Of the large variety of religious centers within the Old Silk Stocking Neighborhood area, St. Andrew's Episcopal Church and Highland Park Church are two of the more prominent churches within the neighborhood.

A list of religious centers within the neighborhood include:
- St. Andrew's Episcopal Church
- Highland Park Church
- St.
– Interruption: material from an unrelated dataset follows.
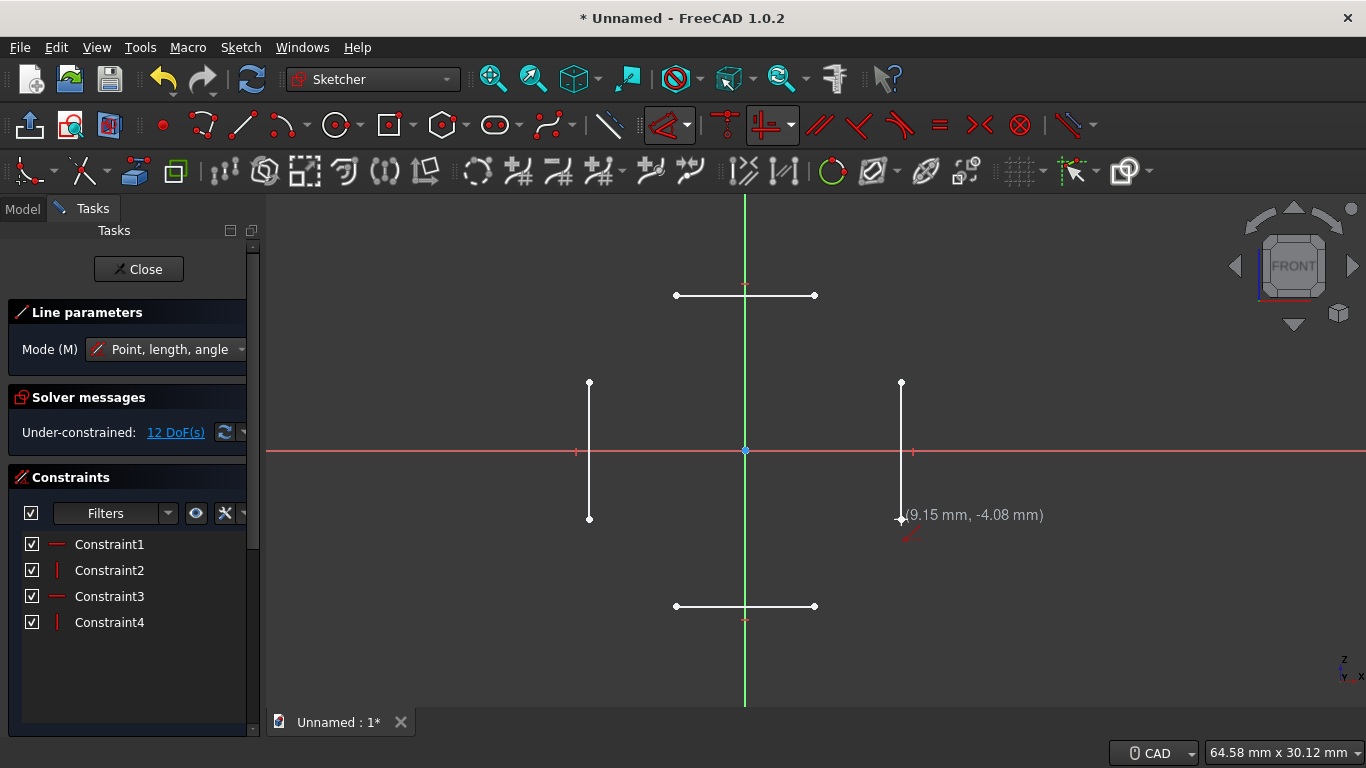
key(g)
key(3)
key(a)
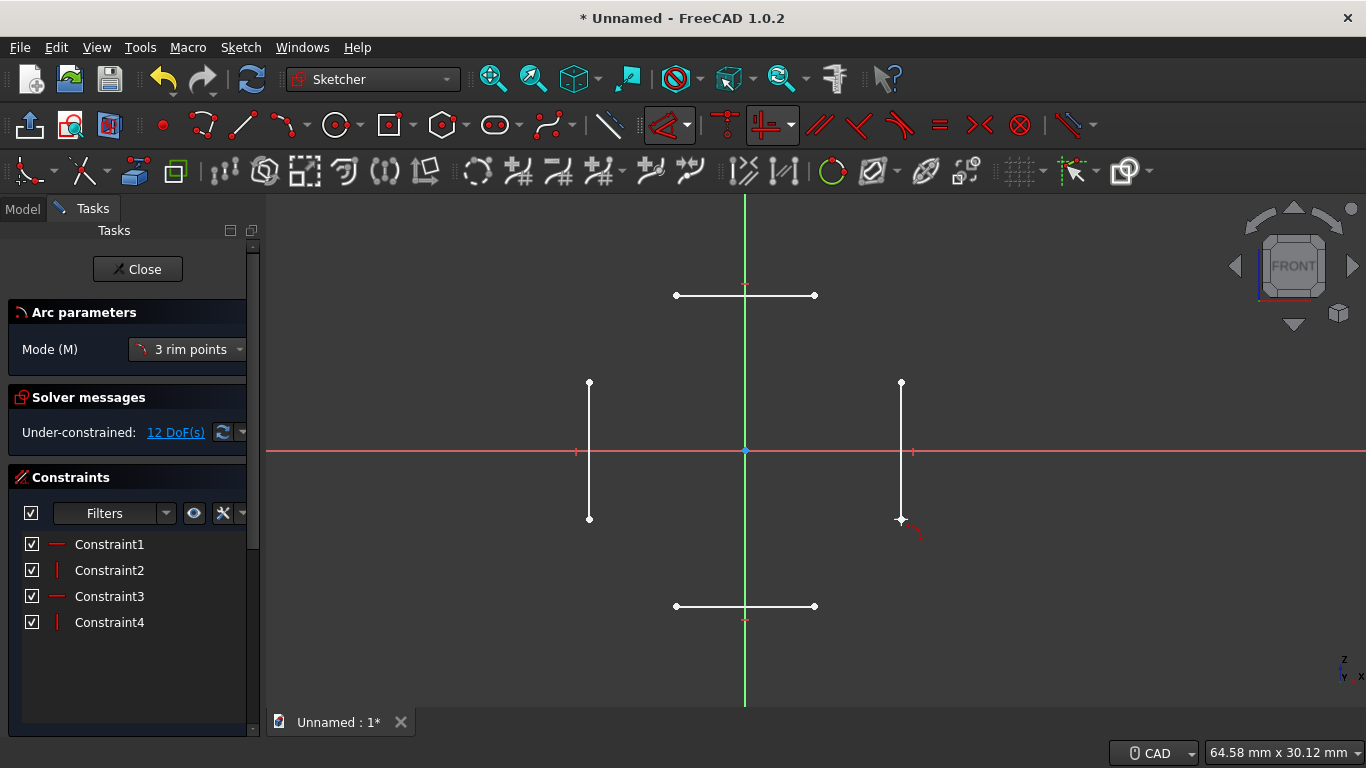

Thomas the Apostle Orthodox Christian Church
- First Congregational UCC
- Fresh Start Ministries
- The Father's House Church
- Temple B'nai Israel

== Parks ==

===Foster Park===
Christened in 1921 and named after David Foster, the founder of Kokomo, this park is home to the Senior Citizen's Center, tennis courts, basketball courts, a softball diamond, as well as an outdoor concert venue. Another feature to this park is the Wildcat Walk of Excellence which runs through the park connecting Foster Park to Miller-Highland Park.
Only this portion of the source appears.